Por este motivo el acoso de Rusia a Estonia, Letonia y Lituania, todos ellos países miembros de la OTAN, con frontera con Rusia y con grandes minorías rusófonas, se perfila tan amenazante. Moscú está probando sus defensas aéreas, orquestando ciberataques, realizando maniobras militares intimidatorias, alentando la subversión política y lanzando propaganda de forma incansable desde sus televisiones. Al contrario que Ucrania, los países bálticos no tienen para Moscú un particular valor estratégico. Pero nada le gustaría más al Kremlim que utilizarlos para poner a prueba la resistencia del artículo 5 de la OTAN, que obliga a todos sus miembros a responder solidariamente frente a un ataque contra cualquiera de ellos.

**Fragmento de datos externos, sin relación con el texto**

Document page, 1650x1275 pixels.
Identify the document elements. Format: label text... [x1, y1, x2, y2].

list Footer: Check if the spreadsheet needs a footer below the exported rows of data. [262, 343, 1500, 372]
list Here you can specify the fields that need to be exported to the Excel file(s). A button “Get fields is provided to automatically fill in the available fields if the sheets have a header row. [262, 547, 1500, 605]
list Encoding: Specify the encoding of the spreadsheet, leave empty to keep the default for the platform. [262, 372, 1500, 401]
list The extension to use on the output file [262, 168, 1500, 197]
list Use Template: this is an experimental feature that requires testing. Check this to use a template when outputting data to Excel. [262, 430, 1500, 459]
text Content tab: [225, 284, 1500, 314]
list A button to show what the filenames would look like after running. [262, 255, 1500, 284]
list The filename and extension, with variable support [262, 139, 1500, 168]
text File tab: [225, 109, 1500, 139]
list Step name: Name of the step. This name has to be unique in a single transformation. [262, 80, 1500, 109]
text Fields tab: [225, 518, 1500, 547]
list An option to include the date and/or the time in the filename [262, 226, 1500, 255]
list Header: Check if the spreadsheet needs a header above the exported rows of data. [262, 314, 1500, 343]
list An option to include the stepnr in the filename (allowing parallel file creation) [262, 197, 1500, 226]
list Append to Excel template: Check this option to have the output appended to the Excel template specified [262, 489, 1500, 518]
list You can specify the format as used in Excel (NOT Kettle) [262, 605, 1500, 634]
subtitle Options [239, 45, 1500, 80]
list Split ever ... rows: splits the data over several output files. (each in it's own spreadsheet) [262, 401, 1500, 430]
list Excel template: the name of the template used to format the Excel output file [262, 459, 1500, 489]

La posibilidad de que un error de cálculo del jugador del Kremlin lleve a un conflicto nuclear es mucho mayor desde la victoria de Donald Trump, que el pasado mes de julio provocó un auténtico terremoto al sembrar dudas sobre su voluntad de defender a los países bálticos en caso de agresión rusa.
Tiempo de ensayos
La amenaza nuclear que representa Corea del Norte es diferente. A principios de 2016 llevó a cabo su cuarto ensayo nuclear, y desde entonces ha estado realizando ensayos de misiles con mayor frecuencia que nunca. Esto culminó el pasado agosto con el lanzamiento exitoso de un misil balístico realizado desde un submarino, mientras que en septiembre se produjo el quinto ensayo nuclear, el mayor hasta ahora. Además, hay pruebas de que ya tendría capacidad de miniaturizar una cabeza nuclear y montarla en un misil. A Estados Unidos y Japón les preocupa el aumento del alcance de los misiles norcoreanos, pero aún más cuáles podrían ser los planes de Pyongyang para llevar a cabo un ataque capaz de penetrar las sofisticadas defensas antimisiles de sus vecinos del Sur.

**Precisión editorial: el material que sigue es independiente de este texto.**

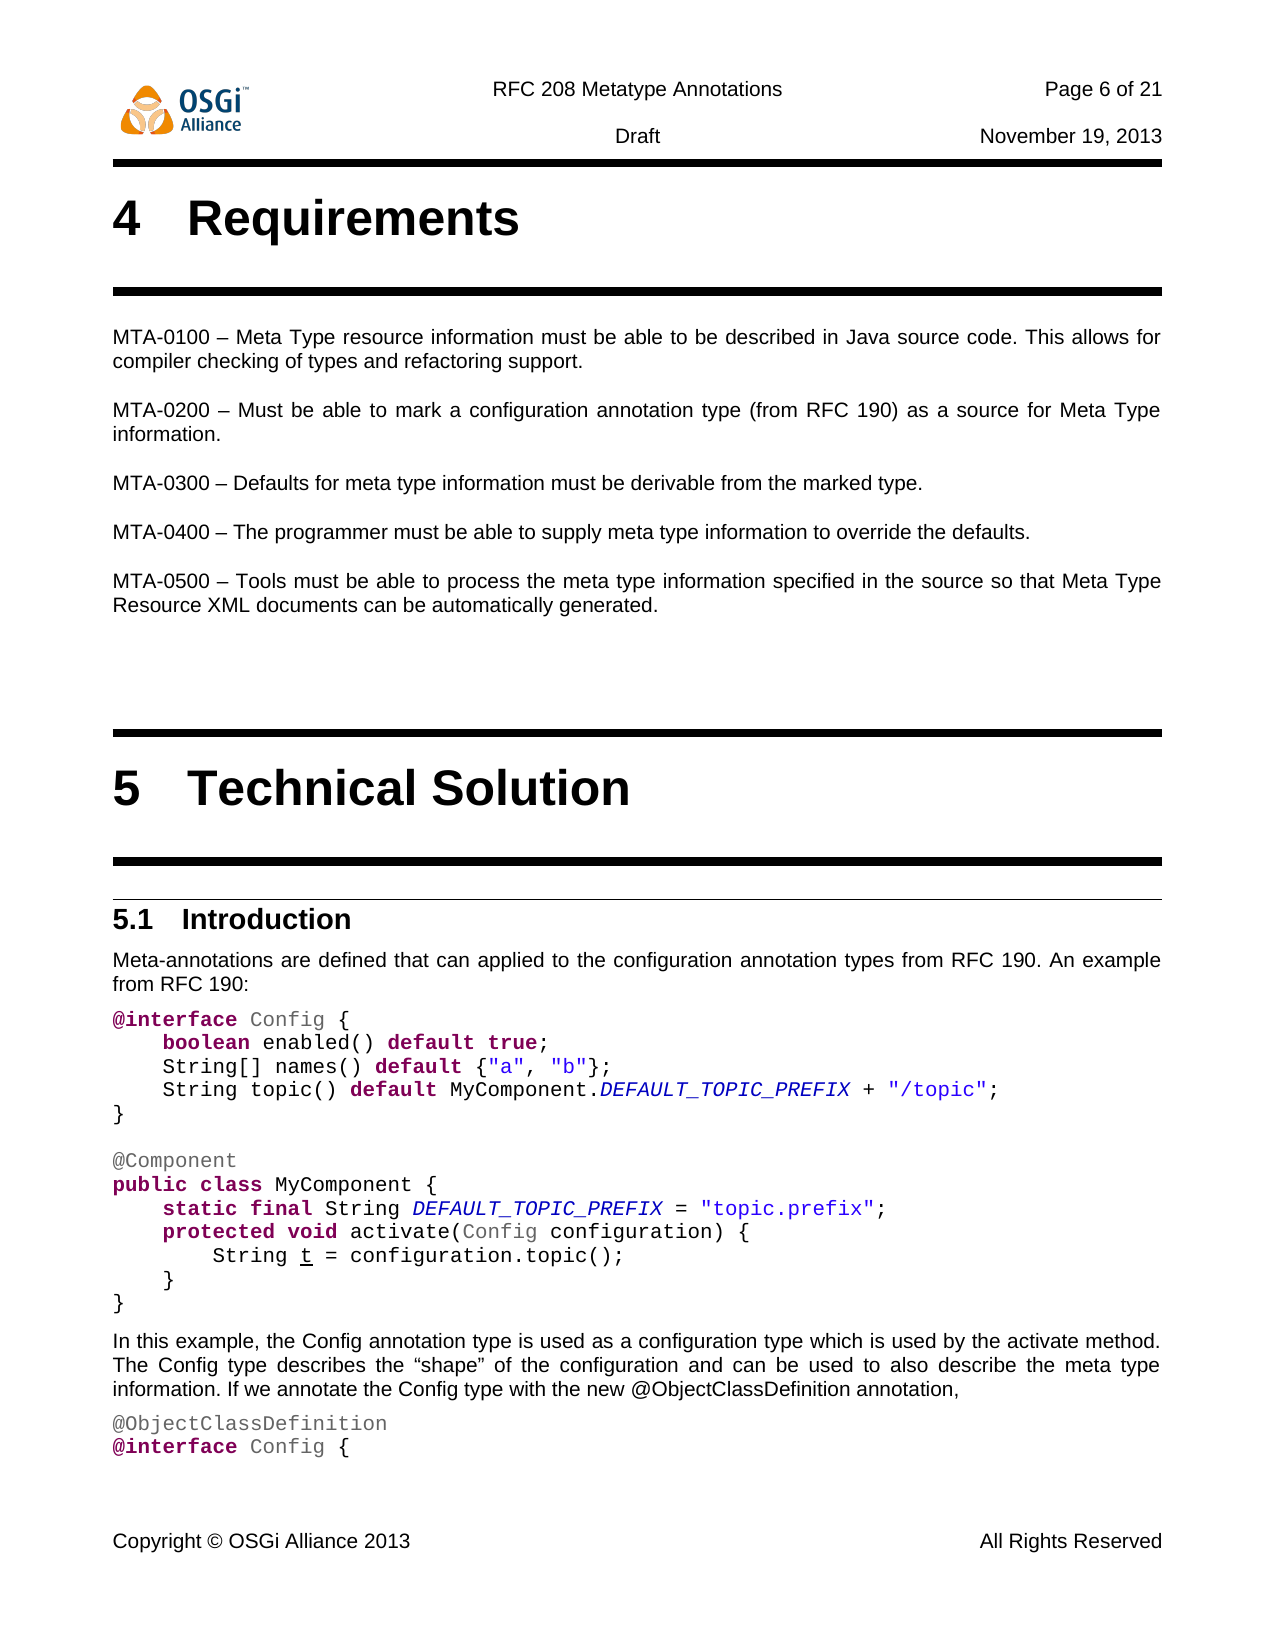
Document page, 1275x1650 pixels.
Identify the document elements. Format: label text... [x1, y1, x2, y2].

text protected void activate(Config configuration) { [112, 1221, 1162, 1245]
text } [112, 1103, 1162, 1127]
subtitle Introduction [112, 900, 1162, 936]
text Meta-annotations are defined that can applied to the configuration annotation types from RFC 190. An example from RFC 190: [112, 948, 1162, 996]
text MTA-0400 – The programmer must be able to supply meta type information to override the defaults. [112, 519, 1162, 543]
text MTA-0200 – Must be able to mark a configuration annotation type (from RFC 190) as a source for Meta Type information. [112, 398, 1162, 446]
text In this example, the Config annotation type is used as a configuration type which is used by the activate method. The Config type describes the “shape” of the configuration and can be used to also describe the meta type information. If we annotate the Config type with the new @ObjectClassDefinition annotation, [112, 1328, 1162, 1400]
text static final String DEFAULT_TOPIC_PREFIX = "topic.prefix"; [112, 1198, 1162, 1221]
text String topic() default MyComponent.DEFAULT_TOPIC_PREFIX + "/topic"; [112, 1079, 1162, 1103]
text boolean enabled() default true; [112, 1032, 1162, 1056]
text String t = configuration.topic(); [112, 1245, 1162, 1269]
text MTA-0500 – Tools must be able to process the meta type information specified in the source so that Meta Type Resource XML documents can be automatically generated. [112, 568, 1162, 616]
subtitle Technical Solution [112, 730, 1162, 866]
text MTA-0100 – Meta Type resource information must be able to be described in Java source code. This allows for compiler checking of types and refactoring support. [112, 325, 1162, 373]
text MTA-0300 – Defaults for meta type information must be derivable from the marked type. [112, 471, 1162, 494]
text @interface Config { [112, 1008, 1162, 1032]
text @ObjectClassDefinition [112, 1413, 1162, 1436]
text } [112, 1269, 1162, 1292]
text String[] names() default {"a", "b"}; [112, 1056, 1162, 1079]
text public class MyComponent { [112, 1174, 1162, 1198]
text @Component [112, 1150, 1162, 1174]
picture [113, 78, 257, 142]
text @interface Config { [112, 1436, 1162, 1460]
subtitle Requirements [112, 160, 1162, 296]
text } [112, 1292, 1162, 1316]

Los expertos reconocen que Corea del Norte podría ser capaz de montar cabezas nucleares en alguno de los numerosos proyectiles de corto alcance que posee. Si dispararan muchos de estos misiles, la mayoría convencionales pero otros con carga nuclear, estos pasarían desapercibidos para las defensas balísticas como agujas en un pajar. Para que esta táctica fuera eficaz, la estructura de mando debería trasladarse a la línea de frente. Esto aumentaría las posibilidades de que, en una época de tensión, cuando el miedo del régimen a ser descabezado por un ataque estuviera en su cénit, el listón nuclear quedara peligrosamente bajo, de modo que un simple comandante sobre el terreno podría dar la orden.
Por último, y aunque ningún grupo terrorista ha logrado hasta ahora hacerse con un dispositivo nuclear, bastaría con el robo de un 0,01% del stock del material fisible del mundo para desencadenar una catástrofe global. Ningún grupo terrorista ha dispuesto jamás de unos recursos financieros y unas capacidades técnicas comparables a las del Estado Islámico. Pero si este continúa perdiendo terreno en 2017 frente a las fuerzas apoyadas por Occidente, aumentará la tentación de tratar de llevar a cabo un acto espectacular de desafío y destrucción. Sus posibilidades de conseguirlo son ínfimas, pero suficientes como para que se convierta en la peor pesadilla de los servicios de inteligencia occidentales.